Lo que la casera más codiciaba eran los hombres de la del piso de abajo. Era una señora de más de setenta años que mantenía una pensión para hombres solos y con trabajo en su casa. Algunos eran jóvenes. Luego de un par de cervezas, le solía decir a sus amigas, sentadas en el patio central: "lo que yo necesito es un hombre de unos cuarenta y cinco años, potente, fuerte, vertiginoso y no un viejo decrépito al que no se la para sin viagra".

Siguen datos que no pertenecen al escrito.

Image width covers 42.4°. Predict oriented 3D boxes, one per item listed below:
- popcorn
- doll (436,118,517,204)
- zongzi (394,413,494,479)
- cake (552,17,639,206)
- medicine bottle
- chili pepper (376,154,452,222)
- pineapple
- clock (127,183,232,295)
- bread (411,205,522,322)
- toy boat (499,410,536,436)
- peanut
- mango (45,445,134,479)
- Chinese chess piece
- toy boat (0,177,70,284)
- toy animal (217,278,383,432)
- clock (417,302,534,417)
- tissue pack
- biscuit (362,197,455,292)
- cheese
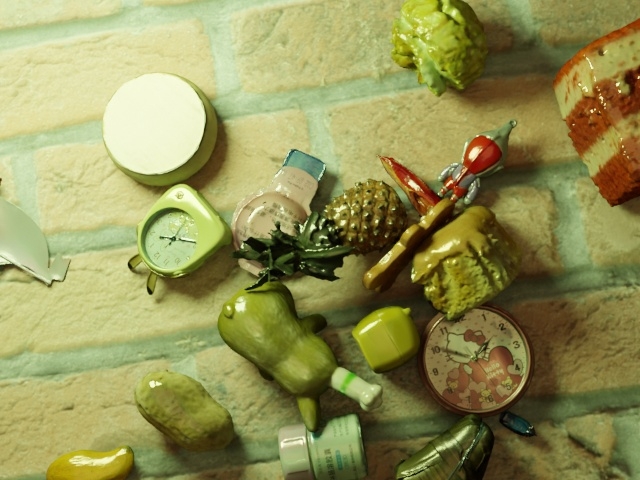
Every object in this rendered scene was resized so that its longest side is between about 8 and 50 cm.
[{"bbox_3d":[0.253,-0.422,1.743,0.184,0.204,0.221,-35,68,-2],"label":"popcorn"},{"bbox_3d":[0.340,-0.170,1.762,0.102,0.075,0.227,40,96,17],"label":"doll"},{"bbox_3d":[0.298,0.498,1.657,0.221,0.112,0.242,-39,86,7],"label":"zongzi"},{"bbox_3d":[0.655,-0.272,1.664,0.270,0.270,0.319,-25,80,0],"label":"cake"},{"bbox_3d":[0.006,0.428,1.675,0.169,0.135,0.135,-9,82,2],"label":"medicine bottle"},{"bbox_3d":[0.220,-0.092,1.776,0.268,0.059,0.050,48,49,10],"label":"chili pepper"},{"bbox_3d":[0.002,0.003,1.672,0.365,0.165,0.165,-26,81,-22],"label":"pineapple"},{"bbox_3d":[-0.318,0.005,1.770,0.232,0.069,0.170,-43,75,5],"label":"clock"},{"bbox_3d":[0.315,0.036,1.668,0.252,0.133,0.174,-39,98,-21],"label":"bread"},{"bbox_3d":[0.410,0.383,1.708,0.083,0.038,0.038,29,85,24],"label":"toy boat"},{"bbox_3d":[-0.280,0.354,1.706,0.224,0.129,0.129,41,86,-2],"label":"peanut"},{"bbox_3d":[-0.482,0.485,1.725,0.190,0.075,0.098,-10,88,-5],"label":"mango"},{"bbox_3d":[-0.350,-0.244,1.797,0.250,0.103,0.249,-1,82,4],"label":"Chinese chess piece"},{"bbox_3d":[-0.702,-0.028,1.808,0.319,0.072,0.219,8,86,1],"label":"toy boat"},{"bbox_3d":[-0.050,0.240,1.689,0.363,0.180,0.181,44,94,1],"label":"toy animal"},{"bbox_3d":[0.323,0.247,1.719,0.245,0.056,0.244,0,83,4],"label":"clock"},{"bbox_3d":[0.140,0.197,1.673,0.127,0.178,0.123,-28,84,1],"label":"tissue pack"},{"bbox_3d":[0.184,0.006,1.706,0.036,0.165,0.250,43,95,18],"label":"biscuit"},{"bbox_3d":[-0.086,-0.058,1.771,0.189,0.074,0.285,24,85,5],"label":"cheese"}]
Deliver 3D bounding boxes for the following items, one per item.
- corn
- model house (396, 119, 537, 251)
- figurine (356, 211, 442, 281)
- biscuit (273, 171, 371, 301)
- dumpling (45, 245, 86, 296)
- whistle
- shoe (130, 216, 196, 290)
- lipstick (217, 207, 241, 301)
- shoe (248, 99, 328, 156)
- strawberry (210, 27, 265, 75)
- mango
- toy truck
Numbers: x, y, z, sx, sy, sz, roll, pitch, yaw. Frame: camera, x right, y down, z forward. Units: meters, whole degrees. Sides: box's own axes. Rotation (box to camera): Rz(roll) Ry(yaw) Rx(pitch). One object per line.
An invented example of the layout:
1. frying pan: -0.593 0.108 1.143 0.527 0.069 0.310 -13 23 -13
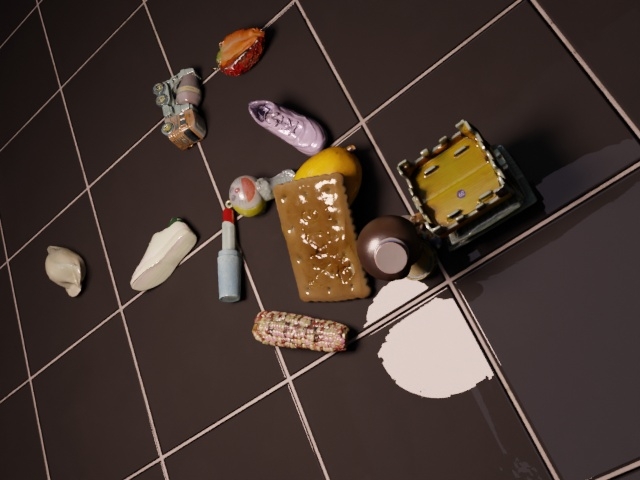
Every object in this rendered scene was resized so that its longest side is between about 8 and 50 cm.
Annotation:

El viejo decrépito tenía ochenta años, varias propiedades y fondos mutuos que se iban adelgazando con la casera y con una amante de treinta años, esposa de un taxista cansado que veía con buenos ojos el nuevo ingreso de su mujer, mal que mal había deudas que pagar.
El viejo decrépito se murió un día en Brasil de un ataque al corazón: la casera le había tal sobredosis del fármaco.
A los setenta años no es fácil conseguir amantes jóvenes, bien lo sabe la casera. Desde el segundo piso observa los movimientos de la planta baja. Allí el tiempo no se desperdicia, piensa. Más tarde, a eso de las tres de las madrugada, los gritos y quejidos de placer no la dejan dormir. Se levanta con un pesado cenicero de cristal:
- ¡Cállate, puta de mierda!, le grita a la de abajo.
La de abajo se asoma con las tetas al aire y besándose con una amiga. Atrás observa un muchacho desnudo.
- ¡Hasta cuándo gritas, bataclana!, insiste la casera.
La de abajo se ríe, toma a su amigo del pene y se lo muestra por la ventana:
- Esto es lo que quieres, vieja envidiosa.
La casera no soporta tanta ofensa, se le revuelve el estómago, nubla la vista y la sangre se le agolpa en la mano que sostiene el cenicero, sin poder controlar todo el temblor de su cuerpo.
Los vecinos de Villa Códice lo vieron todo. El cenicero voló desde el segundo piso hasta la cabeza de la de abajo, que cayó inconsciente (y desnuda) al patio del naranjo solitario, mientras la casera bajaba llorando "malditos hombres, malditos hombres, maldito pene ausente".